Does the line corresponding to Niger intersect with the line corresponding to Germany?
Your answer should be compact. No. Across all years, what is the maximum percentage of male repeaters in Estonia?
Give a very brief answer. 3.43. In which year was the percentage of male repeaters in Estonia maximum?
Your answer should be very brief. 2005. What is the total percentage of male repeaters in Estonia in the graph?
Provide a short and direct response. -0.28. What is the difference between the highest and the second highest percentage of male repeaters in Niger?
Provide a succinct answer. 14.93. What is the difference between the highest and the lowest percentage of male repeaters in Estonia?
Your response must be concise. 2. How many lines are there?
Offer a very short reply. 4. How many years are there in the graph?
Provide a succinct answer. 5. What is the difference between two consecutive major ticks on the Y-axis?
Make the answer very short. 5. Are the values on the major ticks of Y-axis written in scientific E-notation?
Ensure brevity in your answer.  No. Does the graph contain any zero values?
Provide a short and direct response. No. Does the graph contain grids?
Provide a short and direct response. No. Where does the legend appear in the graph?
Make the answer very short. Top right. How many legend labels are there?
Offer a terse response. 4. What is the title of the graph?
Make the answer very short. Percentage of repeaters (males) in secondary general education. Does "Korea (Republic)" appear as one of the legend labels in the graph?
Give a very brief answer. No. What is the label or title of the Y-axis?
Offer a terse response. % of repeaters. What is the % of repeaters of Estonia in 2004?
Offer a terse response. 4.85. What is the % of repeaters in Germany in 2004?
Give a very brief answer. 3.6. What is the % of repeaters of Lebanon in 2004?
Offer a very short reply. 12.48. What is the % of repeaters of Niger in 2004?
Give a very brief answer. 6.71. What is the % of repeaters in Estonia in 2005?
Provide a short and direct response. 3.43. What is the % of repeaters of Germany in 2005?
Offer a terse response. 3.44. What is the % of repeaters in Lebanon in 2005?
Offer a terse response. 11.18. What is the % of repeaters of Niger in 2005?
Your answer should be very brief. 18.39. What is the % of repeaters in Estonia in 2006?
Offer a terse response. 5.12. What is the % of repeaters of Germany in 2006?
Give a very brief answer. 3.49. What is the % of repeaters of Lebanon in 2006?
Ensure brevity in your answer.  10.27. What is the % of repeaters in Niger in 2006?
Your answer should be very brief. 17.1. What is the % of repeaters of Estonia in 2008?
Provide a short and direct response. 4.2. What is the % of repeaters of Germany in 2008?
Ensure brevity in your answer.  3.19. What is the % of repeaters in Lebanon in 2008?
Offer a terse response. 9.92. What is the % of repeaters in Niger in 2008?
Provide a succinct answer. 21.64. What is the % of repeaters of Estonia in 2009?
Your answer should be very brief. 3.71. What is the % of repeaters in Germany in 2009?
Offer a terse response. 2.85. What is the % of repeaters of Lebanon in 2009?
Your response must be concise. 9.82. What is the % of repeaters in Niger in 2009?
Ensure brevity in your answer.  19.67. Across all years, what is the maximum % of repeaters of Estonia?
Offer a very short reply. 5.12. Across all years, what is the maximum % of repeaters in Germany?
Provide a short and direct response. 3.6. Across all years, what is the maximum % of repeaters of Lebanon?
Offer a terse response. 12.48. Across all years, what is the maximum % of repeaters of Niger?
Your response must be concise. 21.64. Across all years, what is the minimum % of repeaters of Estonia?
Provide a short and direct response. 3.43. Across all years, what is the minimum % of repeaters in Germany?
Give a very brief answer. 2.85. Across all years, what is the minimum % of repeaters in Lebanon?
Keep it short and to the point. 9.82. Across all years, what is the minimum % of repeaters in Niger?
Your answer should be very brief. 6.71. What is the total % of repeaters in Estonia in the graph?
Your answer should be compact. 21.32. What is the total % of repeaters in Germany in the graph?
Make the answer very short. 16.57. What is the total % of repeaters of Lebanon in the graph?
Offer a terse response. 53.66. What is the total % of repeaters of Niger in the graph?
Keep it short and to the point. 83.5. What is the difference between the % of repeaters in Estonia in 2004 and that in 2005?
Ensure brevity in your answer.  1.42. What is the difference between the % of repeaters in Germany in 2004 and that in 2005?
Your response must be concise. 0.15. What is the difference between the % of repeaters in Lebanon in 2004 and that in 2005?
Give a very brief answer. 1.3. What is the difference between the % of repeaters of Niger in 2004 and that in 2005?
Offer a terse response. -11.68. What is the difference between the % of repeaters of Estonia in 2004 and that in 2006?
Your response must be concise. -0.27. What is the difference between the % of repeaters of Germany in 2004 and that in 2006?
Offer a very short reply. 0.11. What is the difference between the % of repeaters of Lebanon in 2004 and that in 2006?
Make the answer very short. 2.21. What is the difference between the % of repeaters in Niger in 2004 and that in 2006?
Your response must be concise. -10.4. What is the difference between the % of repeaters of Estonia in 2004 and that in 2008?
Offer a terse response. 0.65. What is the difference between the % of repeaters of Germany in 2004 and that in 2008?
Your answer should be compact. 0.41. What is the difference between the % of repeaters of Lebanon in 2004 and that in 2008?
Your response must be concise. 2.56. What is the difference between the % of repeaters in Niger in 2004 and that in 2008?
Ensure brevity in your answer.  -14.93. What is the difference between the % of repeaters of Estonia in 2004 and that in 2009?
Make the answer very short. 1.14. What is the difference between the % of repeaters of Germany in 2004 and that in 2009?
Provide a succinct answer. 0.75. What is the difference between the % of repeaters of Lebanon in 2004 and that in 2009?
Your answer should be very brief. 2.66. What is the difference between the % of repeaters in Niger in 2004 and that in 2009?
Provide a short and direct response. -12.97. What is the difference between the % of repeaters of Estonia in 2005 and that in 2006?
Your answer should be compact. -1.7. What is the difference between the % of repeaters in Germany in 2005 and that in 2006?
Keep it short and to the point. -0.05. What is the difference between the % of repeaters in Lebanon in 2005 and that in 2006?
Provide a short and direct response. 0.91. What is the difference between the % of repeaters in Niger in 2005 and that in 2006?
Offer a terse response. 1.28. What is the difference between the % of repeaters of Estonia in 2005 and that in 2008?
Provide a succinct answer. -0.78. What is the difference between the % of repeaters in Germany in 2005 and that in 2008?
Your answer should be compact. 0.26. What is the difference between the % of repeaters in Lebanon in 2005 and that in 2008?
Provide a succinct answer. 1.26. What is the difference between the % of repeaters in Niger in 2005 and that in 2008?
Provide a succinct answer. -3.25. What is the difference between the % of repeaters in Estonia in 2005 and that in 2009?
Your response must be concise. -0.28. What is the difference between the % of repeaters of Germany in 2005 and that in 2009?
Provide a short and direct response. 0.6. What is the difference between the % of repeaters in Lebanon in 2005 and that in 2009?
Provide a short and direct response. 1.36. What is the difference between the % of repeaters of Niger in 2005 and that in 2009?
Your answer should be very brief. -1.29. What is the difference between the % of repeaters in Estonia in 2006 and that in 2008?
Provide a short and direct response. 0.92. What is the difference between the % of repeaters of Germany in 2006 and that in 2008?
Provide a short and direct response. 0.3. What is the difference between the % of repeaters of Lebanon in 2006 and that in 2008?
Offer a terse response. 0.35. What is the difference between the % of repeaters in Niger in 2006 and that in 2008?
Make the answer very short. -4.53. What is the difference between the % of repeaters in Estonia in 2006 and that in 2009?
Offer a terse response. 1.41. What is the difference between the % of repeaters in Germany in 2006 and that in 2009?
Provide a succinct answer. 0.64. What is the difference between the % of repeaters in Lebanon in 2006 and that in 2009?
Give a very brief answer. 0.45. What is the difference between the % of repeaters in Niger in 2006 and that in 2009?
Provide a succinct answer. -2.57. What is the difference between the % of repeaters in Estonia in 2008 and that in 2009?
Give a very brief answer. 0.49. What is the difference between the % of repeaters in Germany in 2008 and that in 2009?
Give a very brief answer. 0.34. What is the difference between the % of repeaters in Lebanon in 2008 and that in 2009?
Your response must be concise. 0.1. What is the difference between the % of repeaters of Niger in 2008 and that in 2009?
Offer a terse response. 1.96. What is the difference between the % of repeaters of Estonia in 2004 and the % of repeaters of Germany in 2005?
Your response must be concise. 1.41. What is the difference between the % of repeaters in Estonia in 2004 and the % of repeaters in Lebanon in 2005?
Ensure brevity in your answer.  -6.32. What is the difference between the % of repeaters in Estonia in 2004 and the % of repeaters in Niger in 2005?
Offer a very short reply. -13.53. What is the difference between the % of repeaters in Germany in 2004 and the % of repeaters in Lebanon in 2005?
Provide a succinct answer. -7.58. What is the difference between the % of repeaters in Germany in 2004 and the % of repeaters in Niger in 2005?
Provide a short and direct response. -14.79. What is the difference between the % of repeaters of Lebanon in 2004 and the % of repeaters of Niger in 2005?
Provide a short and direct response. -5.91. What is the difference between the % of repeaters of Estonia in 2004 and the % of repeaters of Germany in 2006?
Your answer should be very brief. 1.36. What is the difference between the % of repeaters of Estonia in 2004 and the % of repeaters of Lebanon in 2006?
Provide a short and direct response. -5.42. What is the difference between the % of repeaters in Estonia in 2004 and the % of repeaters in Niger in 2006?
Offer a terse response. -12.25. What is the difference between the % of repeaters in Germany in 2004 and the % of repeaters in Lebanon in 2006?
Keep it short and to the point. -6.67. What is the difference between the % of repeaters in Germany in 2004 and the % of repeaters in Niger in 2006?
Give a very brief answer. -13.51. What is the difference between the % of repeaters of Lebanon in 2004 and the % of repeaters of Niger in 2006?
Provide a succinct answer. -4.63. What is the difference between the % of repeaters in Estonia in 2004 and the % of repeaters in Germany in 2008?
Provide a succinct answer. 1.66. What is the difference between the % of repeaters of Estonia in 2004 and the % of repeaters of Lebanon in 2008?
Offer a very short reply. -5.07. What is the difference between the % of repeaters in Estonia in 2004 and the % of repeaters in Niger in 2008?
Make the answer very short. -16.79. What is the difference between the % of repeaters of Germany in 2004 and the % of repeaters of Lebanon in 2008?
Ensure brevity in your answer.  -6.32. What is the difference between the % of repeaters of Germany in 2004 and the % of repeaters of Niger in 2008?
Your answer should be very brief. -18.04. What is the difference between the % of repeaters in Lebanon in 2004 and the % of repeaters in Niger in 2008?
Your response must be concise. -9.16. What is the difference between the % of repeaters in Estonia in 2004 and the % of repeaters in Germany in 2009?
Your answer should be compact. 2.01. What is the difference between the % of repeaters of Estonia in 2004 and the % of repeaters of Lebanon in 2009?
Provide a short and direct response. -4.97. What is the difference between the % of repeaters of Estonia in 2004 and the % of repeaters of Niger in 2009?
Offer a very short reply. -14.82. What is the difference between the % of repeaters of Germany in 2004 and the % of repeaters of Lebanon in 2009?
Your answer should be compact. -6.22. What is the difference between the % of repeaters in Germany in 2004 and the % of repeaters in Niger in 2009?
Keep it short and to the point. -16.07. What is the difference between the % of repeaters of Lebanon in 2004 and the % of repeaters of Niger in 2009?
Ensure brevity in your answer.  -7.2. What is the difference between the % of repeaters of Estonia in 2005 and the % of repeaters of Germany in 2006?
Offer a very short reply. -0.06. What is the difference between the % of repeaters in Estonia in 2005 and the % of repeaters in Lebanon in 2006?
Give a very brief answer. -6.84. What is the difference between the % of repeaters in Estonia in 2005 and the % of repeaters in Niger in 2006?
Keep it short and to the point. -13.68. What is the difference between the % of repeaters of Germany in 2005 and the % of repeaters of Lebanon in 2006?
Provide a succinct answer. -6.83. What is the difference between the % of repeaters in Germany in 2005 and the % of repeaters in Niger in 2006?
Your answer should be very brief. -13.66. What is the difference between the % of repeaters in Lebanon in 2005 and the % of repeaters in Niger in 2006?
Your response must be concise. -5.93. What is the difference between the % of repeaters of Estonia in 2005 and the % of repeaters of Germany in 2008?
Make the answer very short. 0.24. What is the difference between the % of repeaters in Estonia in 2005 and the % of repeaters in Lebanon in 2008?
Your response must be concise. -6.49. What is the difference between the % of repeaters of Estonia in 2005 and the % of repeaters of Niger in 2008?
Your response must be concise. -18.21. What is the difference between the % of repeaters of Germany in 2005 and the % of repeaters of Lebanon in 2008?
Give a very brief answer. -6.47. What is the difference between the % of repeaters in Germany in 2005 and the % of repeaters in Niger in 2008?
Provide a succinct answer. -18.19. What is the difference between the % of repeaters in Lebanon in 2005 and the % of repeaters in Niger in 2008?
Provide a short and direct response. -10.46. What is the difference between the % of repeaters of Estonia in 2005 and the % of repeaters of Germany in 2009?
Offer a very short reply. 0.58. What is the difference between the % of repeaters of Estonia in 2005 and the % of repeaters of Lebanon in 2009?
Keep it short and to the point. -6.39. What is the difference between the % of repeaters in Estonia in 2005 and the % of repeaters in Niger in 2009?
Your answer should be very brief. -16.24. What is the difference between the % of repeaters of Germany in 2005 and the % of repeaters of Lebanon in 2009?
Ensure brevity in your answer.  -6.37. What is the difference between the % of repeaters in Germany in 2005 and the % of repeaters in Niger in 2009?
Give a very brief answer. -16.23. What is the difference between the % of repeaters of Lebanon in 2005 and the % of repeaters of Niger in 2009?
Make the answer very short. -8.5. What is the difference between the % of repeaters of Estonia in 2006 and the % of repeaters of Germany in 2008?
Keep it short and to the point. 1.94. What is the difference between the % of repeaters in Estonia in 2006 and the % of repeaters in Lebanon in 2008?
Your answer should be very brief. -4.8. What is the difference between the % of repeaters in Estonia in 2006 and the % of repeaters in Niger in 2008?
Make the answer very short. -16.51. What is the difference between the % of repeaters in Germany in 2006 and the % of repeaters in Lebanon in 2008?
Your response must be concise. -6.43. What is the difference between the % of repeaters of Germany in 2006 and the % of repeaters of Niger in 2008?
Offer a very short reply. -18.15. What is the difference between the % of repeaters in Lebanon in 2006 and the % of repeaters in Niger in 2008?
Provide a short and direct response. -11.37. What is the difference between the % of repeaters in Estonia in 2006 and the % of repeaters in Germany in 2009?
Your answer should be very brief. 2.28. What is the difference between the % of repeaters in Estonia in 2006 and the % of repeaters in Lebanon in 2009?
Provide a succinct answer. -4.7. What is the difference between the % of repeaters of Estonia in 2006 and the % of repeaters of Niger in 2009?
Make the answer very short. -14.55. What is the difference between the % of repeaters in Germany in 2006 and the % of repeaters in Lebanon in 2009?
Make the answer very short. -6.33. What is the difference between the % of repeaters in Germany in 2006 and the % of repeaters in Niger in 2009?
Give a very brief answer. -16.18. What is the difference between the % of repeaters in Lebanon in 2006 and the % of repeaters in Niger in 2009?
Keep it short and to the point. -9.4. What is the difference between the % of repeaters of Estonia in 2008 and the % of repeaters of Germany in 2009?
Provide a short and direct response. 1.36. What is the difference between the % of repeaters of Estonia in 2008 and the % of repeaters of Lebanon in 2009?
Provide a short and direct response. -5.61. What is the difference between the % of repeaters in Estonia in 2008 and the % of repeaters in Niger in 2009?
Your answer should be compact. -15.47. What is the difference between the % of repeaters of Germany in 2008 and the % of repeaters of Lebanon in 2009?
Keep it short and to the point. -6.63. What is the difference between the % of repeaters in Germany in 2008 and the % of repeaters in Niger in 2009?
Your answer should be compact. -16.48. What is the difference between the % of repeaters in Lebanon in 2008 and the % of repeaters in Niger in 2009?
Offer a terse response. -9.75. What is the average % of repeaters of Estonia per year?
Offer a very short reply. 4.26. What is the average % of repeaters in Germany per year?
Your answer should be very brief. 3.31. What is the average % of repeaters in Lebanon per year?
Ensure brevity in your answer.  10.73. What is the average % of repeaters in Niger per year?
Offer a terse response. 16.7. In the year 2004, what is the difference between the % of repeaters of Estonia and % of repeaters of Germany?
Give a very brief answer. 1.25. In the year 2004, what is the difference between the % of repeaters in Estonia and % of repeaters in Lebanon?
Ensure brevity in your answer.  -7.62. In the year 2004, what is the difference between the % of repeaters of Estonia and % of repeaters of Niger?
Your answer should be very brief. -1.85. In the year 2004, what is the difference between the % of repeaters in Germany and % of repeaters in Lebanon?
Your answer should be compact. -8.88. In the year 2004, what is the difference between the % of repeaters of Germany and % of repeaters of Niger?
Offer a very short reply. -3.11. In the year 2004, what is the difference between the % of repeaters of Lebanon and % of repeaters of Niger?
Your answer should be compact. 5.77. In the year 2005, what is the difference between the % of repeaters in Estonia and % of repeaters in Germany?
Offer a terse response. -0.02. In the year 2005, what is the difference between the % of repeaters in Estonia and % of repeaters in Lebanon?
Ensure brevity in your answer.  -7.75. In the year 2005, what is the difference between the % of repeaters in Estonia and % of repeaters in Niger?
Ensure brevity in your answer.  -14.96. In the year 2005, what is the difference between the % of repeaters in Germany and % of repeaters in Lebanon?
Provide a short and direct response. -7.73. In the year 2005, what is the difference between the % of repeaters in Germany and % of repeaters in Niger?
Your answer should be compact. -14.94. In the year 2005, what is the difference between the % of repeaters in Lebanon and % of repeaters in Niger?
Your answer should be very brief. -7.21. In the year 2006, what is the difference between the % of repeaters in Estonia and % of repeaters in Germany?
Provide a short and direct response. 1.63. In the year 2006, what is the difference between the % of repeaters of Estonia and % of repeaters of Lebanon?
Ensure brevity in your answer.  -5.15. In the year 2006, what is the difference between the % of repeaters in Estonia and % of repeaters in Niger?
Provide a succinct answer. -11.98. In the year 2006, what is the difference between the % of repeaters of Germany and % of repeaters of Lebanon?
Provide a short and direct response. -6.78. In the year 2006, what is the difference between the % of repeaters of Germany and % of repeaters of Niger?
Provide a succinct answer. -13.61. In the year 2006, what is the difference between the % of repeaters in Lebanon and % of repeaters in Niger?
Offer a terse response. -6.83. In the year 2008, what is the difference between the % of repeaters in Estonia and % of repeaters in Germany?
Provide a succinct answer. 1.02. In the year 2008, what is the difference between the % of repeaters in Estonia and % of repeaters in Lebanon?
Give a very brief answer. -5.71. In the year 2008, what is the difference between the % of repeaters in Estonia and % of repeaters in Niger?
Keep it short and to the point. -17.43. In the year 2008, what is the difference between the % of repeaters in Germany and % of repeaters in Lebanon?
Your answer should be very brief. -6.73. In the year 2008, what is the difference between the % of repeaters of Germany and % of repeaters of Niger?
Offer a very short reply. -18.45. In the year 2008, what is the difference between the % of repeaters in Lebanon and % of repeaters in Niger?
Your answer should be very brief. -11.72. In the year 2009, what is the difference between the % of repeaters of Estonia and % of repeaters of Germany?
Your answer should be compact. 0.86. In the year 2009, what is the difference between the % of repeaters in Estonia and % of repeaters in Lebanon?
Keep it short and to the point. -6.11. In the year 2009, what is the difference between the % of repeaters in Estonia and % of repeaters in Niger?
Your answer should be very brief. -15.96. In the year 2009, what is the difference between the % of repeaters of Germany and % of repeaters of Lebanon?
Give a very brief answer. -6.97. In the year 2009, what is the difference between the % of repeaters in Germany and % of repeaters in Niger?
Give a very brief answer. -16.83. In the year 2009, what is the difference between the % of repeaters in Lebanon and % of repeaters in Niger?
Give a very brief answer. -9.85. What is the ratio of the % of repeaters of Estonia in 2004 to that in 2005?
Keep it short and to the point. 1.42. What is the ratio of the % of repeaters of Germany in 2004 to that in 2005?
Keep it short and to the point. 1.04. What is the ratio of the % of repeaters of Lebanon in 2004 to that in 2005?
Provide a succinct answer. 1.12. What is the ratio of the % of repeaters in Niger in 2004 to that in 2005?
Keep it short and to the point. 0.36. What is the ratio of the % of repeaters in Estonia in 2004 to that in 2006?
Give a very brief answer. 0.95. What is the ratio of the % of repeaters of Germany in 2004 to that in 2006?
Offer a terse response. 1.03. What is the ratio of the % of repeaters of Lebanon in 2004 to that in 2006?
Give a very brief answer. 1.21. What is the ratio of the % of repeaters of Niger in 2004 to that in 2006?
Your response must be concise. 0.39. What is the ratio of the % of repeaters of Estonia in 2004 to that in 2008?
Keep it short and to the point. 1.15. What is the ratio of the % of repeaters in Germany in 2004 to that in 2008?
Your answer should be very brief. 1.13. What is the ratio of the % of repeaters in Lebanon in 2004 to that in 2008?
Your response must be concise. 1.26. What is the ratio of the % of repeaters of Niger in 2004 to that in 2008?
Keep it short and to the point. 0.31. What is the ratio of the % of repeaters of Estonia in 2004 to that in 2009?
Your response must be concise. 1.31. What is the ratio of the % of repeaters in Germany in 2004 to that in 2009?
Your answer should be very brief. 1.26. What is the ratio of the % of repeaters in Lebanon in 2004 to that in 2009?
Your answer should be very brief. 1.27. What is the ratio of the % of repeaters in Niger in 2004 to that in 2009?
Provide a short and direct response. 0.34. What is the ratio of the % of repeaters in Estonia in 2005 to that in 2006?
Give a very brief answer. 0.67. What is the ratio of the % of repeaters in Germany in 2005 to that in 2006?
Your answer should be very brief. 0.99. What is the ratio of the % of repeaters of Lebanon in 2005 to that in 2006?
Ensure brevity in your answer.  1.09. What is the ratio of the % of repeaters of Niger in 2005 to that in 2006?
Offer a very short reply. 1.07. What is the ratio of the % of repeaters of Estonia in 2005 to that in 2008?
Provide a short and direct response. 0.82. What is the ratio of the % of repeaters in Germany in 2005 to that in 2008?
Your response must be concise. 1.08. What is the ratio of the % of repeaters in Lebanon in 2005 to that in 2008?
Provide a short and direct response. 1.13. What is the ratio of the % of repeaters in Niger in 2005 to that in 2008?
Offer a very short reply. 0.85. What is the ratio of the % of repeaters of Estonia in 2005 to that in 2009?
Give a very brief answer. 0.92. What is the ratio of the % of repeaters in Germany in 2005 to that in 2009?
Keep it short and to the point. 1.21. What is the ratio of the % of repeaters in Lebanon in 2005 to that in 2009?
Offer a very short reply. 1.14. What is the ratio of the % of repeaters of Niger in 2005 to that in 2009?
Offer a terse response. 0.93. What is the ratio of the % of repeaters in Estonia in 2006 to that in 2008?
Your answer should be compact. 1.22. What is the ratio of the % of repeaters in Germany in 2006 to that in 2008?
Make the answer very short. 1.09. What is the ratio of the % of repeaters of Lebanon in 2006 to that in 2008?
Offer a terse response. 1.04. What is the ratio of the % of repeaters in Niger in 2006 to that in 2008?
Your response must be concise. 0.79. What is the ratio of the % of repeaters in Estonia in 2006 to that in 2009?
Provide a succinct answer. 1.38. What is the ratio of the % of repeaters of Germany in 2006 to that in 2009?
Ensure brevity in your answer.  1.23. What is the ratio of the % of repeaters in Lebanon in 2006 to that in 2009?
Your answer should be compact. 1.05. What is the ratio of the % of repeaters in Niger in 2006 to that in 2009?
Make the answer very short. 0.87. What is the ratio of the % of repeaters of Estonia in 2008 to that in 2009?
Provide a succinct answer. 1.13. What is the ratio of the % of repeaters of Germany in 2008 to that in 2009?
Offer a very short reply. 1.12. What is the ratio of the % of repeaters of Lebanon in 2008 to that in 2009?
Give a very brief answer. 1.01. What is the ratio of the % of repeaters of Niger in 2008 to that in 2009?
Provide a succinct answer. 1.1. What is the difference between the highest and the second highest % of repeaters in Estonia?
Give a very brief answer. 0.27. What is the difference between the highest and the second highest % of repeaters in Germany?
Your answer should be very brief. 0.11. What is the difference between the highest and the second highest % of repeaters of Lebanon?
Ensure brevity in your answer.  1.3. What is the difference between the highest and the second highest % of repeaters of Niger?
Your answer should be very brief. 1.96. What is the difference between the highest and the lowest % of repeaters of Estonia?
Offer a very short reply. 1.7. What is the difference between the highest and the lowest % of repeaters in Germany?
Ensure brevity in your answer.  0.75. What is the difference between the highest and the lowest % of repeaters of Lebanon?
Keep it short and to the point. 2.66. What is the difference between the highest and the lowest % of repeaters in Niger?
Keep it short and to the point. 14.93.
---
### PROMPT
Using the material above, filter for lines holding "appear" and copy each one.

### RESULT BELOW
Provide a short and direct response. No. Where does the legend appear in the graph?
Make the answer very short. Percentage of repeaters (males) in secondary general education. Does "Korea (Republic)" appear as one of the legend labels in the graph?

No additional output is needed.